→ **What you will do**: At the line containing "for s, insert", begin retyping, and continue word for word until the records below run out.

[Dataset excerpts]
>>>

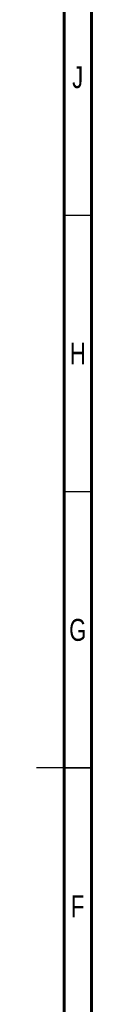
# Model space of a CAD drawing. Header units: millimetres. Extents: x 15 to 836, y 5 to 589.
# Tile 23 of 24: x 826 to 836, y 254 to 432. Entities that reach past the tile are written whole.
import ezdxf

# ---------------------------------------------------------------- set-up
doc = ezdxf.new("R2010")
doc.units = ezdxf.units.MM
doc.styles.add('SLDTEXTSTYLE0', font='TXT', dxfattribs={"width": 0.75})

msp = doc.modelspace()

# ---------------------------------------------------------------- linework, layer by layer
at = {"color": 7, "linetype": 'Continuous', "lineweight": 60}
for p, q in [((836, 589), (836, 5)), ((831, 584), (831, 10))]:
    msp.add_line(p, q, dxfattribs=at)
at = {"color": 7, "linetype": 'Continuous', "lineweight": 30}
for p, q in [((831, 397), (836, 397)), ((831, 347), (836, 347)), ((836, 297), (826, 297)), ((831, 297), (836, 297))]:
    msp.add_line(p, q, dxfattribs=at)

# ---------------------------------------------------------------- texts
at = {"color": 7, "linetype": 'Continuous', "lineweight": 0, "char_height": 3.97, "attachment_point": 2, "style": 'SLDTEXTSTYLE0'}
for s, insert in [('J', (833.47, 423.97)), ('H', (833.49, 373.97)), ('G', (833.49, 323.97)), ('F', (833.46, 273.97))]:
    msp.add_mtext(s, dxfattribs=dict(at, insert=insert))

doc.saveas('drawing.dxf')

<<<

→ **Your response**:
for s, insert in [('J', (833.47, 423.97)), ('H', (833.49, 373.97)), ('G', (833.49, 323.97)), ('F', (833.46, 273.97))]:
    msp.add_mtext(s, dxfattribs=dict(at, insert=insert))

doc.saveas('drawing.dxf')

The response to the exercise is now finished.